[Information provided]:
———
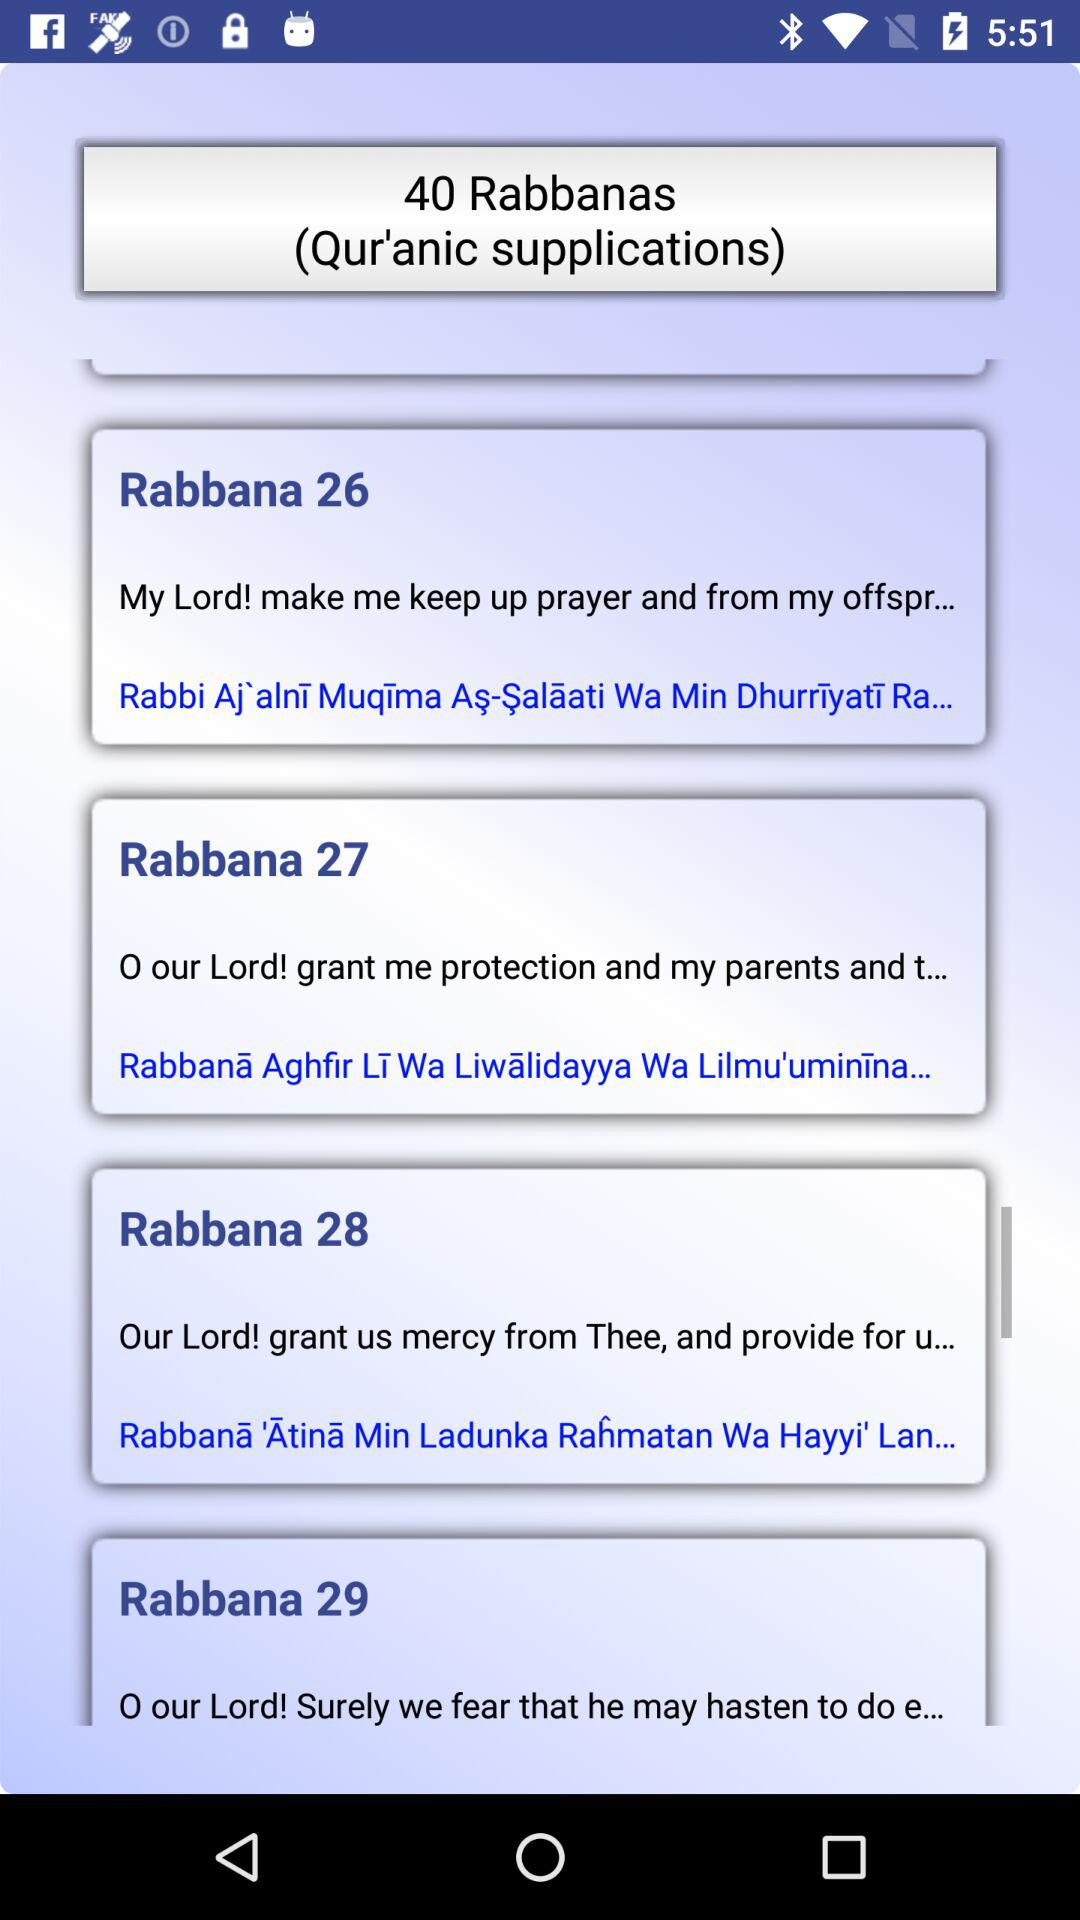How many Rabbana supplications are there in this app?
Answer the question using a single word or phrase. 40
———
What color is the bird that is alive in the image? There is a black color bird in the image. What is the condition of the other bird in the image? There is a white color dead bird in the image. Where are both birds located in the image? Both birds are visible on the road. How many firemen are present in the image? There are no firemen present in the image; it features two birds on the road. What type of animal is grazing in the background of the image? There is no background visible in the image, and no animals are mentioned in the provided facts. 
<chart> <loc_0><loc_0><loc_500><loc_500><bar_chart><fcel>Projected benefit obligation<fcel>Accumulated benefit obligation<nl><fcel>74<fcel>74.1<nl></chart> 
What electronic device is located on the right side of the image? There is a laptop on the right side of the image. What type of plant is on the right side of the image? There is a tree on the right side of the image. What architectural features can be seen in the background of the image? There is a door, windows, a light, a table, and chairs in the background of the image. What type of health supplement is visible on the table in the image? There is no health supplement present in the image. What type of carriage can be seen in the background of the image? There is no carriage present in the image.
———
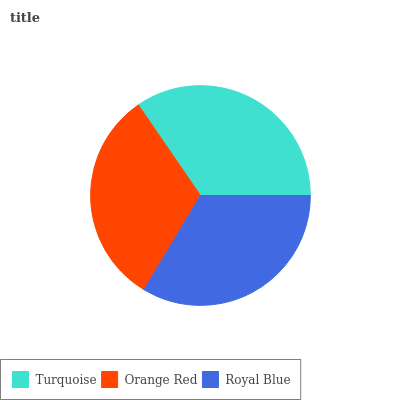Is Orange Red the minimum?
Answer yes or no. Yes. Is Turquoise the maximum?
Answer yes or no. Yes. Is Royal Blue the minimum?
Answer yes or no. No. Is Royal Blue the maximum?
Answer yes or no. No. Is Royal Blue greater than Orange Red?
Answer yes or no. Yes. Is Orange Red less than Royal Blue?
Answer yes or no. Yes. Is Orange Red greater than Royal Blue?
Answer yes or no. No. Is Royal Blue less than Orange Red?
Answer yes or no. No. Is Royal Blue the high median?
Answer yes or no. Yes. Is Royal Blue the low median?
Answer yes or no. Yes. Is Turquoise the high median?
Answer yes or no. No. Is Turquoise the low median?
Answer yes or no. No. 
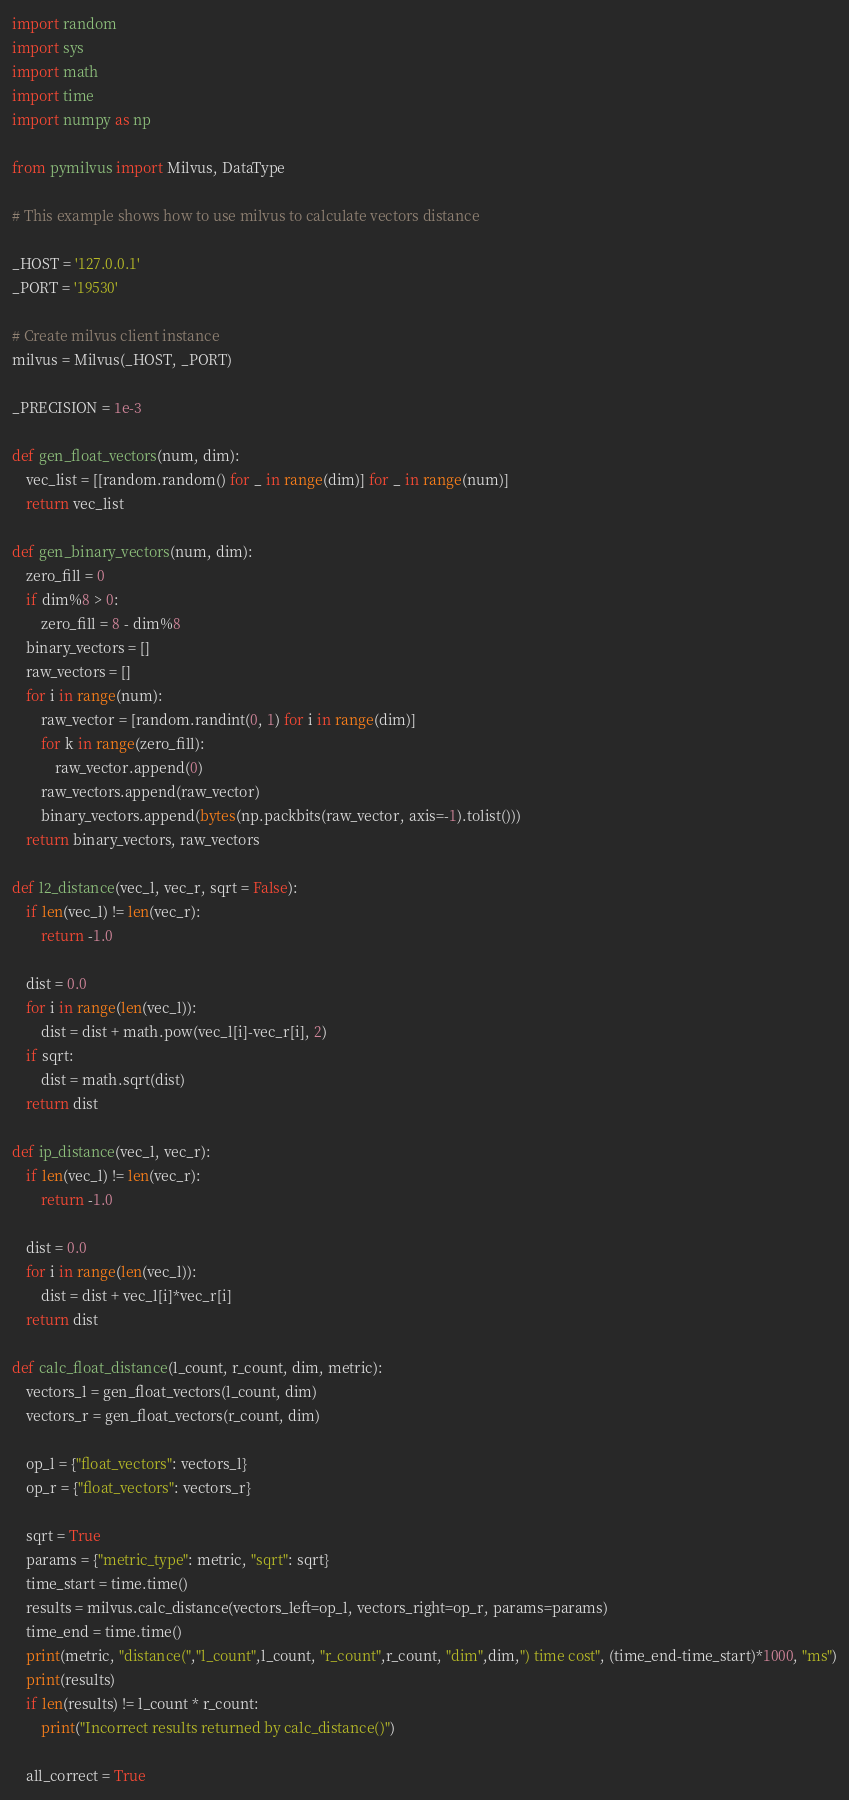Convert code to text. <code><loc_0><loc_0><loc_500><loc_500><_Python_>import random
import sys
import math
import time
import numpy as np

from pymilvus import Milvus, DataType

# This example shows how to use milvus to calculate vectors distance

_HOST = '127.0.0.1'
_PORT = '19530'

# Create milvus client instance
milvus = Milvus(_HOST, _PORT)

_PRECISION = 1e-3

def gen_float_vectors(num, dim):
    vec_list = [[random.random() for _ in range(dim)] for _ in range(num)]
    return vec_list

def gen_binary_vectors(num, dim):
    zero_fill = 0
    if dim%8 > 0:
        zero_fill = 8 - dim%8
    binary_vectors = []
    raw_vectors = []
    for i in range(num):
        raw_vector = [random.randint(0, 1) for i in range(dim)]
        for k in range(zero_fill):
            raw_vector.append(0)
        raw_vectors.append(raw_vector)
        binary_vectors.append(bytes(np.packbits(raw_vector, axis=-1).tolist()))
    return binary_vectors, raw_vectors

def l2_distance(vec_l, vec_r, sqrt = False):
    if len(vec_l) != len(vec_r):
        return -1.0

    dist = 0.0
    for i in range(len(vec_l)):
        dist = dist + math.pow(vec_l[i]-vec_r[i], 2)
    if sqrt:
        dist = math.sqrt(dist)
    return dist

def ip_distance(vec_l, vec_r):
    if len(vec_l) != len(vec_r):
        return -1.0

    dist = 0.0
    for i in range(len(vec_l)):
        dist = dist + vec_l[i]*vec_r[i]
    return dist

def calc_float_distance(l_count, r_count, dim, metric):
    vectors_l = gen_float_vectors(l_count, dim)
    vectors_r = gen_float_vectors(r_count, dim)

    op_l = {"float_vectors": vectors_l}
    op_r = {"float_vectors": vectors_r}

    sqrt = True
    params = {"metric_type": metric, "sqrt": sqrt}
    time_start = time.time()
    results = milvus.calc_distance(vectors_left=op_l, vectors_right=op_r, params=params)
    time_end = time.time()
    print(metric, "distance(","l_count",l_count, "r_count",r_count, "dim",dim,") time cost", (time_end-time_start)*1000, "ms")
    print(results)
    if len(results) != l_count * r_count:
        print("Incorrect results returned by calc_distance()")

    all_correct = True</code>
———
[Prompt]: Some lines contain the word "visible". Pull each one out of the listing.

[Response]:
What color is the bird that is alive in the image? There is a black color bird in the image. What is the condition of the other bird in the image? There is a white color dead bird in the image. Where are both birds located in the image? Both birds are visible on the road. How many firemen are present in the image? There are no firemen present in the image; it features two birds on the road. What type of animal is grazing in the background of the image? There is no background visible in the image, and no animals are mentioned in the provided facts. 
What electronic device is located on the right side of the image? There is a laptop on the right side of the image. What type of plant is on the right side of the image? There is a tree on the right side of the image. What architectural features can be seen in the background of the image? There is a door, windows, a light, a table, and chairs in the background of the image. What type of health supplement is visible on the table in the image? There is no health supplement present in the image. What type of carriage can be seen in the background of the image? There is no carriage present in the image.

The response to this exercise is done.